Customer Support : No Opinion

Overall Rating : 10
I have been playing bass since about 1990 and this is the only bass head I've ever owned. I bought it because it looked cool, was 'vintage' and was cheap. I've played 'em all though, Hartke, Acoustic 360, HiWatt 100, Ampeg SVT, you name it. None compare to the dirgy-like sound I can get out of this at a reasonable volume without a pedal. It's simple, it was cheap (when I bought it) although have been seeing these things climb in price over the years, and it is remarkably reliable. Siskel and Ebert would give this amp, two thumbs up!


Product: Kustom K200B
Price Paid: US $25 used
Submitted 06/13/2000 at 08:31pm by Bibber
Email: bib at nettally<dot>com

Features : 2
Vintage? My guess is late '60s to mid '70s. I have used this amp as either my main bass head or 2nd bass amp since purchasing it for $25 in 1984. I have also run guitar (through pre-amp or pedal/zoom box) through it. It is set up wierd -- a low and high input for 1/4" lead on each of the normal and bright sides. The bright side has never worked correctly. The bright side has a messed-up reverb thingy. The bright side is set up with the following rotary pots: reverb, speed, volume, bright (choose between on and off), intensity, bass, and treble. I never, ever use the high side...which seems to be set up for guitar...because of the reverb noise glitch defect. The normal side I take to be set up for Bass. The normal side is nice and simple: Volume, bright (choose between on and off), bass, and treble. I play various bass styles...from jazz to blues to mostly rock and especially harder stuff, e.g., metal, hardcore, etc. When I occaisionally play guitar through it, I basically play clean semi-crunchy rock'n'roll (but I would not suggest this amp, especially the normal side for guitar). The bright side has a foot switch input for? I assume the reverb (never messed with it). The back has a line out (in addition to 1/4" outs to speaker cab) but it is neither a 1/4" nor rca, not sure what (never messed with it). I typically play a Fender Jazz Bass, an Ibanez SDGR800, Gibson Flying V Bass, or Gibson EB-O through it into a Fender Dual Showman (2x15). I use it for both rehersal and for club dates. It is more than loud enough for small clubs (200 person venues e.g. Cowhaus, Tallahassee). It is not really versatile or feature-full. Think straight-forward no-brains (perhaps that's why the 'bright' side doesn't work).

Sound Quality : 7
The sounds are to me, dated, and I don't record with it (altough I guess with my sansamp preamp, I could, but I'd rather go d.i. with it. 98% I use the normal side low input with bright knob turned on and I vary the amount of bass and treble to style and bass. This is the bad ass for all-out heavy bottom loud Thick, thick bass -- turn the bass knob up. But no teen-age V scooped out e.q. available, particularly with inactive pick ups or no dedicated pre-amp...turning the treble up and cutting the bass produces more definition but I would not use it for Stanley Clarke imitations! But if your tastes run to Sabbath, Deep Purple, Kyuss, etc. This is it. Warning, no nice glassy tube sounds, like Ampeg...this is definitely less colorful and a bit duller.

Reliability : 10
Most dependable and durable amp I've ever had or used. Finally, a month ago, it didn't work right. Volume potentiometer replaced and it's back to 'normal.' As I said above, I don't know what's wrong with the 'bright' side, and I don't care. It came with a cigarette burn or two in the naugahyde tuck and roll, but for the price, who cares? I have taken it to gigs with out a back-up but my paranoia dictates not to do so, but so far unwarranted.

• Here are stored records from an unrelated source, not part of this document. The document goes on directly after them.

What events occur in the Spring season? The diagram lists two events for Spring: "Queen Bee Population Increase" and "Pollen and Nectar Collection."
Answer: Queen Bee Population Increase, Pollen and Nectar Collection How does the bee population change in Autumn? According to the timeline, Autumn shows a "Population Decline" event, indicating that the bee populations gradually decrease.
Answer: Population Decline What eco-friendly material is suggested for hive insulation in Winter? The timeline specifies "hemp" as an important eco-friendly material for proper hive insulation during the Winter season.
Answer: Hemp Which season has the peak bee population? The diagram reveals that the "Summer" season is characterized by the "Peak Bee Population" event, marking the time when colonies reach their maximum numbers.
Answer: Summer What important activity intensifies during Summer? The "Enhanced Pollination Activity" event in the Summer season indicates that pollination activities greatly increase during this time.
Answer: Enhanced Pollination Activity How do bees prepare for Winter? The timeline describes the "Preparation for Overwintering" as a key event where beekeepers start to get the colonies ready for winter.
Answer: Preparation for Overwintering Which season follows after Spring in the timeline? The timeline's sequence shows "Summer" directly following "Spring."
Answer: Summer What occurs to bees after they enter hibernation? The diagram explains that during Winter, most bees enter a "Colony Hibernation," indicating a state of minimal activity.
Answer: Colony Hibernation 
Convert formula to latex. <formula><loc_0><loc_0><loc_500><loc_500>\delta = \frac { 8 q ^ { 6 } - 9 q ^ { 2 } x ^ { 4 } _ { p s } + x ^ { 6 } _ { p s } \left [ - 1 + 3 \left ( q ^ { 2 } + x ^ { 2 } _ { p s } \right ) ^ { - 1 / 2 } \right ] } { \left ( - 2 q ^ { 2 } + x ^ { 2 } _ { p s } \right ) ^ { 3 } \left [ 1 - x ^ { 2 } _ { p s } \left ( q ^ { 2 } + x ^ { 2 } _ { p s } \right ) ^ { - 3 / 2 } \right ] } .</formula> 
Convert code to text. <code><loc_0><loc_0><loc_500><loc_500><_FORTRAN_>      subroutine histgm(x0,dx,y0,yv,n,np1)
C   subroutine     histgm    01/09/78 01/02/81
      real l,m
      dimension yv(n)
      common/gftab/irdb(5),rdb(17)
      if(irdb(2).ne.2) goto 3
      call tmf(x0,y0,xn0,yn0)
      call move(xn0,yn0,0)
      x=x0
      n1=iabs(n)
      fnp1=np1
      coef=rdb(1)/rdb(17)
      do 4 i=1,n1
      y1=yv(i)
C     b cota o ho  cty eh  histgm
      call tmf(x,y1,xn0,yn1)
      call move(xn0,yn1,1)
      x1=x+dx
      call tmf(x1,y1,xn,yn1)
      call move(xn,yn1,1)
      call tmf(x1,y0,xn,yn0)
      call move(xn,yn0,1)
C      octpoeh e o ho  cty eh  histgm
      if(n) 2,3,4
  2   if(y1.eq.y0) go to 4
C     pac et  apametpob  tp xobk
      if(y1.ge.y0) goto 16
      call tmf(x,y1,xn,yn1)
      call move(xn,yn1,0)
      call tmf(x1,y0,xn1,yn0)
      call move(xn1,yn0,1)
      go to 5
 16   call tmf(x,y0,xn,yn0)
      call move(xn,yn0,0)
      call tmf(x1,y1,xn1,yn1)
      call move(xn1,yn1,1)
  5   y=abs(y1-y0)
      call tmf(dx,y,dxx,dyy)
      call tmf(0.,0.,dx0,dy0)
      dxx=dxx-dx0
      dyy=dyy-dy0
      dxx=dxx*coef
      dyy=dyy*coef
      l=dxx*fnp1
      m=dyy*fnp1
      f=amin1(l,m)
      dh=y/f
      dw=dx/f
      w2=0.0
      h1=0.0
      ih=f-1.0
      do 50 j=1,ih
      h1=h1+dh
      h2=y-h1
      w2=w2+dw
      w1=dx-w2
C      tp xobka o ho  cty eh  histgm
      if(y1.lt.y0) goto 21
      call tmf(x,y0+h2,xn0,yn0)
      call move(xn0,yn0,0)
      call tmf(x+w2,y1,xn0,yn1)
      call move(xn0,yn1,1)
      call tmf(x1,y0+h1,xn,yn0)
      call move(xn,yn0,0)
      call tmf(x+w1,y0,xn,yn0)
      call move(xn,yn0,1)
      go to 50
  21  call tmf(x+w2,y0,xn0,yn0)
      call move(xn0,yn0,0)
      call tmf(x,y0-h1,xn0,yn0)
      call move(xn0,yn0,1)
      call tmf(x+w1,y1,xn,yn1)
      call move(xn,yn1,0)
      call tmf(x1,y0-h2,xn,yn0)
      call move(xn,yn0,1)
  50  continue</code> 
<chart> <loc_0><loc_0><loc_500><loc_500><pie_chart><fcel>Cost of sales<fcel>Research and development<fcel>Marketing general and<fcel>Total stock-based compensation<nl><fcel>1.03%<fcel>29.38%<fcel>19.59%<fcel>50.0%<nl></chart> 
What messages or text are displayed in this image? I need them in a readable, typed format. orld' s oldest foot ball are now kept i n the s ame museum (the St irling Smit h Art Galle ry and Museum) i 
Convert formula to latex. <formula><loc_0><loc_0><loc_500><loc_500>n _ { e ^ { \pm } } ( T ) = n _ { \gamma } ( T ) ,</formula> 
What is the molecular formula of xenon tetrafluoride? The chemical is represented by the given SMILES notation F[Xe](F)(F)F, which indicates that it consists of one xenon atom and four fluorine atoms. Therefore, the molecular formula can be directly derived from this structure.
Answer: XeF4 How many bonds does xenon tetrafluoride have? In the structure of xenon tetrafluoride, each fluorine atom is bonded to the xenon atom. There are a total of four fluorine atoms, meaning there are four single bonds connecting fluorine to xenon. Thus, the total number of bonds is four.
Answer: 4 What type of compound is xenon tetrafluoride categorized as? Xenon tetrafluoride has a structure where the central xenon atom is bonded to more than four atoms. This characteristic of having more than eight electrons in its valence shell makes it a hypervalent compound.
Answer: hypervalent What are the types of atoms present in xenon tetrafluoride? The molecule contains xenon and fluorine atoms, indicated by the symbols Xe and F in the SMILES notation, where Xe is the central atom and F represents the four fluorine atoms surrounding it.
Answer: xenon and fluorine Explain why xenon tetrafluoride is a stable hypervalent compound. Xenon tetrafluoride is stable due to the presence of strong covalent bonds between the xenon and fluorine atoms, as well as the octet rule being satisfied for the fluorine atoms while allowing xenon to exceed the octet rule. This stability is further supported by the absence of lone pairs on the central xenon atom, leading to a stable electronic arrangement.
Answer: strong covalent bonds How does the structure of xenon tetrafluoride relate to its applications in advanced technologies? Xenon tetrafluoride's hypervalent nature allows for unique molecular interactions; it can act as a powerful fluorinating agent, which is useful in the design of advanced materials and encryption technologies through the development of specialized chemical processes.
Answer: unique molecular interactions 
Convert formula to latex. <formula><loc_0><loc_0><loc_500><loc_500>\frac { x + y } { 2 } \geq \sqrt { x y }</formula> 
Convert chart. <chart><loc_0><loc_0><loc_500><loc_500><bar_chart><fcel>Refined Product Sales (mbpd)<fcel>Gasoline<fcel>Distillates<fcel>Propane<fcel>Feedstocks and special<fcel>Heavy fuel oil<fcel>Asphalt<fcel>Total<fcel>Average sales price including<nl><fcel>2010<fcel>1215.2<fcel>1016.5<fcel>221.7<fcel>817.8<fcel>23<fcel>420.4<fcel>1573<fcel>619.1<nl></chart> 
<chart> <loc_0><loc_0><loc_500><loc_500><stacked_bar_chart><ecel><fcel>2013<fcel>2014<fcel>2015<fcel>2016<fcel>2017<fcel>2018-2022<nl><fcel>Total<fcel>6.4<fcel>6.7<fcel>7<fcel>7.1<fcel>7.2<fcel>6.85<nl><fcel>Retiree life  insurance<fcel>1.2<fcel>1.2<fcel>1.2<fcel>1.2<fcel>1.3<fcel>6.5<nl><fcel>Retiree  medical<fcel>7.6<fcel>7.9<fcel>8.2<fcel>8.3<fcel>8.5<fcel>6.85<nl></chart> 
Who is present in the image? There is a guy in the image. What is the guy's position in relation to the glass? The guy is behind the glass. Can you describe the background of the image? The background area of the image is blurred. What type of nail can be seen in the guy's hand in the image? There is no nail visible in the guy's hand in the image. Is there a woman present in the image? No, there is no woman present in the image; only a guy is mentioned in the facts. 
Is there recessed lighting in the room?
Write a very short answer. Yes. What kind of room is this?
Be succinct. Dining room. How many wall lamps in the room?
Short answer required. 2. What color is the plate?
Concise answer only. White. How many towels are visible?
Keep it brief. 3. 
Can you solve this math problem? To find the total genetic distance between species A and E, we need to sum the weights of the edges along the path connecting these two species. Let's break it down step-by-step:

Customer Support : No Opinion
Well, I guess they are (back?) in business now. And perhaps a bit trendy, at that. Never called them. Never saw one in a store until about a year ago.

Overall Rating : 8
I have been playing too long to remember, but not long enough for you to know me! When I dream, I would like to acquire a Mesa Boogie Bass Amp or perhaps, really just a nice power amp, like a crown or two, preamp with a demeter, and that's enough for any venue, let the PA do the work...it's a pain carrying the bass equipment. I have a Trace Elliot Combo for a stage back up, but it doesn't quite have the bottom of the kustom into the dual showman. When I play guitar, its SG or Les Paul through the sansamp into a Sovtek MiG60 into either Crate 4 x 10 or the Dual Showman (I like the latter). My Guitar Dream amp would be something like a mesa Boogie plus a Fender Champ (one overdriven, one clean) through 2 2 x 15 cabinets in tandem (like to hear the crunch with the articulation - more taste and less filling). Right now, I seem to be acquiring more studio-oriented crap, like tube-preamps...I don't bother with them for rehersal and I sure would not take them on stage! My ideal stage set-up is simplicity! (I diddle on the recordings!)


Product: Kustom K200B
Price Paid: N/A
Submitted 11/01/1999 at 11:31pm by John Compton
Email: JcsShane at aol<dot>com

Features : 8
Why can't an amp just be a great amp? No whistles and bells - effects until your ears bleed - and more confusing setting than my new VCR! I've been playing these great amps for 30 yrs and will never stop! They are just great bass amps!

Sound Quality : 8
Solid - full - throaty - more sound than you will need - clean - and mean! With the 2 JBL 15" speakers and the option of bright or normal I get all the variety I need. The use of the reverb gives me unusual bass effects without the need for add on after add on. Not the most versatile amp I've played - But clean all the way!

Reliability : 9
I've been beating on these amps forever and they have never failed. The only replacement has been the jewel lamp and a side handle! I used to bring back up amps to most of my gigs - not for along time now - if the amp where to fail, I'd probably pass out in disbelief!

Customer Support : 1
The need for info on these amps - though never really needed - is best found with the vast users dedecated to the vintage beauties! I would sooner stick my appendages in a meat grinder than try to gleen any type of support or help from the service dept. It's unfortunate, a little kindness would go a long way in the continued success of the new owners. Good Luck

Overall Rating : 8
I think you can all get the idea I like my Kustoms!